Your goal: Return all lines below containing the word "veroordelingen".

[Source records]
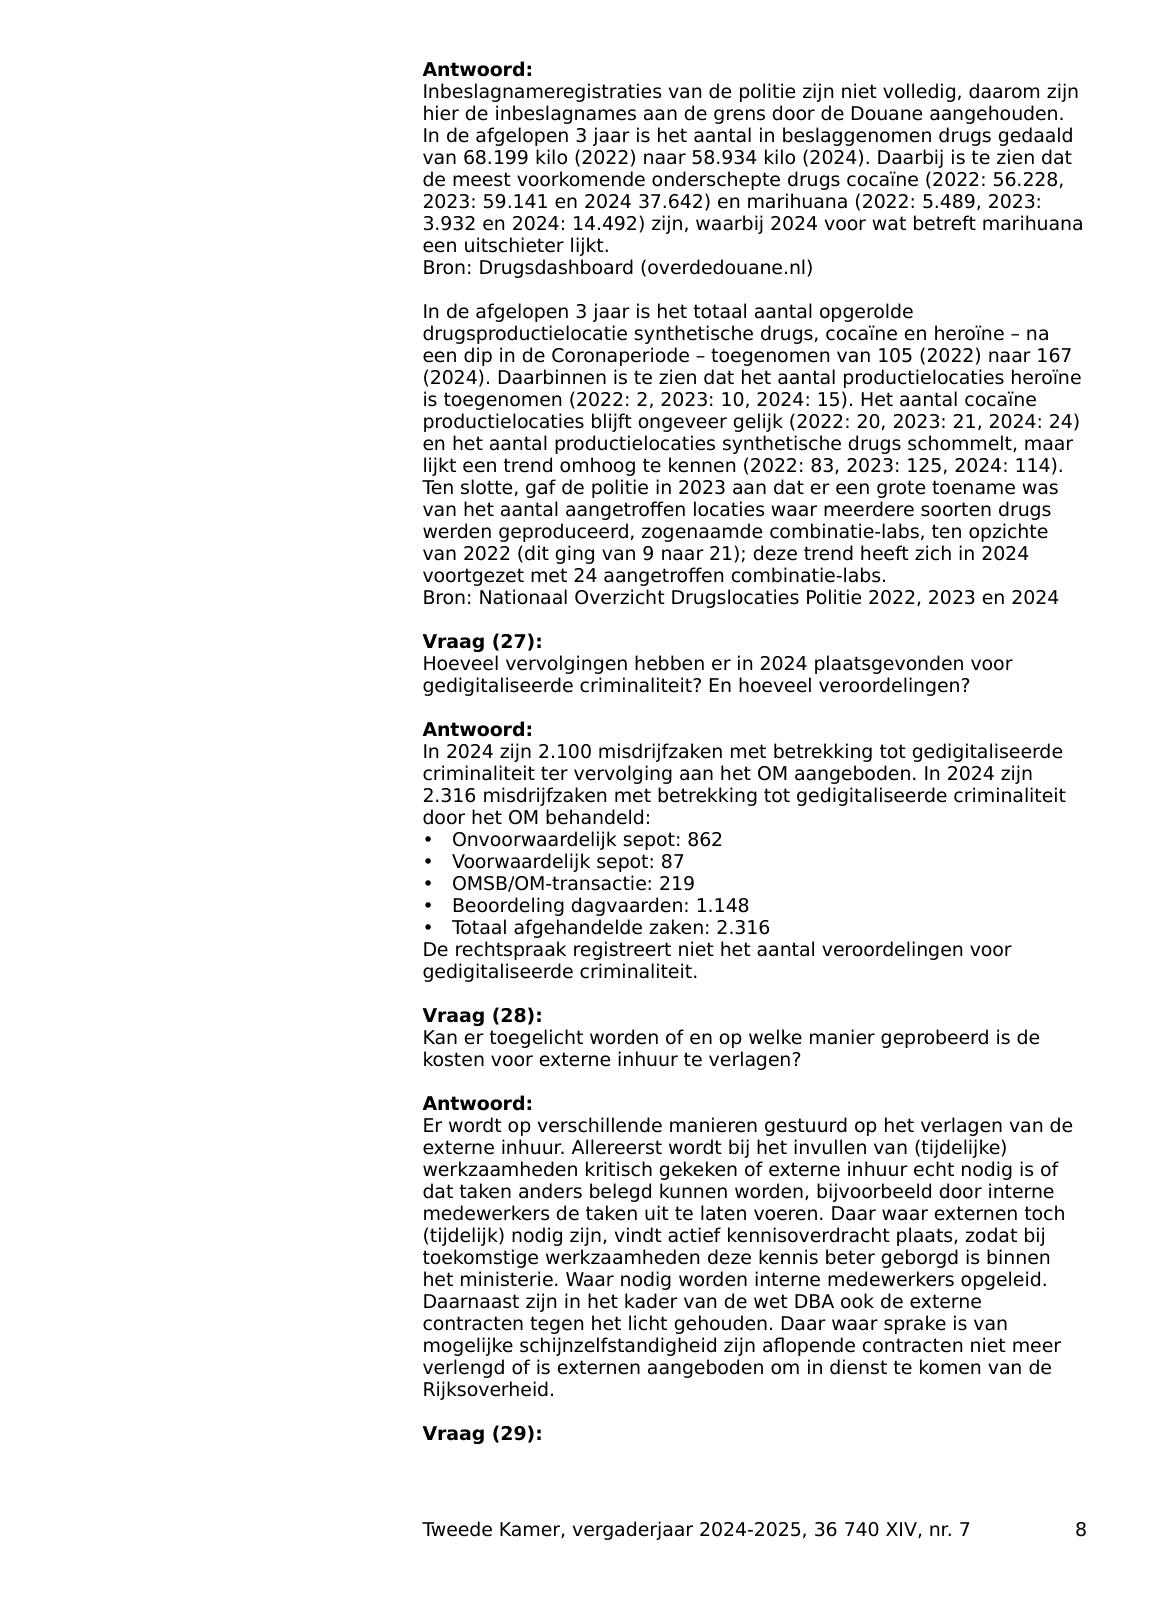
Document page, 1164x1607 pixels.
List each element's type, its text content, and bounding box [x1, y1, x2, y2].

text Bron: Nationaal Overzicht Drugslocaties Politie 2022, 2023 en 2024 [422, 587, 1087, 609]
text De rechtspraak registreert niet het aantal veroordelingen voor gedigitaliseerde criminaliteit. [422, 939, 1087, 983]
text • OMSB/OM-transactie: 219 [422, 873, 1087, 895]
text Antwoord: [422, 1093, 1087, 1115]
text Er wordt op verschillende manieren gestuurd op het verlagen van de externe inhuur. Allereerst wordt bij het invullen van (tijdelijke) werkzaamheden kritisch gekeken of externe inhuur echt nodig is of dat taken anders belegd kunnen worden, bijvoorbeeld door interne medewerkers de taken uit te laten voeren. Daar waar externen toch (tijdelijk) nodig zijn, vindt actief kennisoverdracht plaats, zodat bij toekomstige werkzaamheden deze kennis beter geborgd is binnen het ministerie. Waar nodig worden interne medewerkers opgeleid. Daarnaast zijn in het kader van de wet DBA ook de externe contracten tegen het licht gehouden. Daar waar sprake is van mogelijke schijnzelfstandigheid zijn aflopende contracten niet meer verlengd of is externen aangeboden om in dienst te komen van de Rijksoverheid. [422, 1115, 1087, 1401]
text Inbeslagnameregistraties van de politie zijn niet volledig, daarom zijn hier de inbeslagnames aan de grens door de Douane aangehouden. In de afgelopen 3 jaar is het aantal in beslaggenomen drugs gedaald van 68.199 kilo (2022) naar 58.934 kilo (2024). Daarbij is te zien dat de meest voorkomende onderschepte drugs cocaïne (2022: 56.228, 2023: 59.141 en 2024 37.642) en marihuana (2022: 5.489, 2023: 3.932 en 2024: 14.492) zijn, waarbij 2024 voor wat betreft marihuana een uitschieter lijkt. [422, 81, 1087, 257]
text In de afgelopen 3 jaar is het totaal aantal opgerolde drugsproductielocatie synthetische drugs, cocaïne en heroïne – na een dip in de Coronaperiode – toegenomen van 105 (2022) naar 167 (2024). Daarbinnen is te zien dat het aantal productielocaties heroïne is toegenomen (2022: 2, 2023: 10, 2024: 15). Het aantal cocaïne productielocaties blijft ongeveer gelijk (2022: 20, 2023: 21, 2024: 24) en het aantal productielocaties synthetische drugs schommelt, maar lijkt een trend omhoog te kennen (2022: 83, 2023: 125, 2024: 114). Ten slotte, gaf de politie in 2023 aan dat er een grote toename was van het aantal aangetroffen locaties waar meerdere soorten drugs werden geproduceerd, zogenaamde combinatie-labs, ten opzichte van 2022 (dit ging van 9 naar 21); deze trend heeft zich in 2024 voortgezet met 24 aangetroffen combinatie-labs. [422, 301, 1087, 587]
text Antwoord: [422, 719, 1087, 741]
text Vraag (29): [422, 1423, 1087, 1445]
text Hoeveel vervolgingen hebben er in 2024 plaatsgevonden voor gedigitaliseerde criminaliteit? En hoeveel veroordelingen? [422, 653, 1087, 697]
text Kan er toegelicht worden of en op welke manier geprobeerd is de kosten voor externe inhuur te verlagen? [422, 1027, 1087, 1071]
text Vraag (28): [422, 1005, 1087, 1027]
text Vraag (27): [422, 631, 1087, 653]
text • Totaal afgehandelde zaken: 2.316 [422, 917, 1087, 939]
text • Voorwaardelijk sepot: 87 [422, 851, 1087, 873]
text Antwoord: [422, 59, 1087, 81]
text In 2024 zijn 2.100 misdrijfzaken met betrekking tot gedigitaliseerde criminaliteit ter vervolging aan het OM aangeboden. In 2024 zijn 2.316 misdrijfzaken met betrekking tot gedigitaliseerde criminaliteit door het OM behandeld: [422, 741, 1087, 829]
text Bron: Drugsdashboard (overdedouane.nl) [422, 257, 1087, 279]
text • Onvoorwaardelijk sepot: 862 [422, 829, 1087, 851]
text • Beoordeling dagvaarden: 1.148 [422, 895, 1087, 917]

Reply to the exercise:
text De rechtspraak registreert niet het aantal veroordelingen voor gedigitaliseerde criminaliteit. [422, 939, 1087, 983]
text Hoeveel vervolgingen hebben er in 2024 plaatsgevonden voor gedigitaliseerde criminaliteit? En hoeveel veroordelingen? [422, 653, 1087, 697]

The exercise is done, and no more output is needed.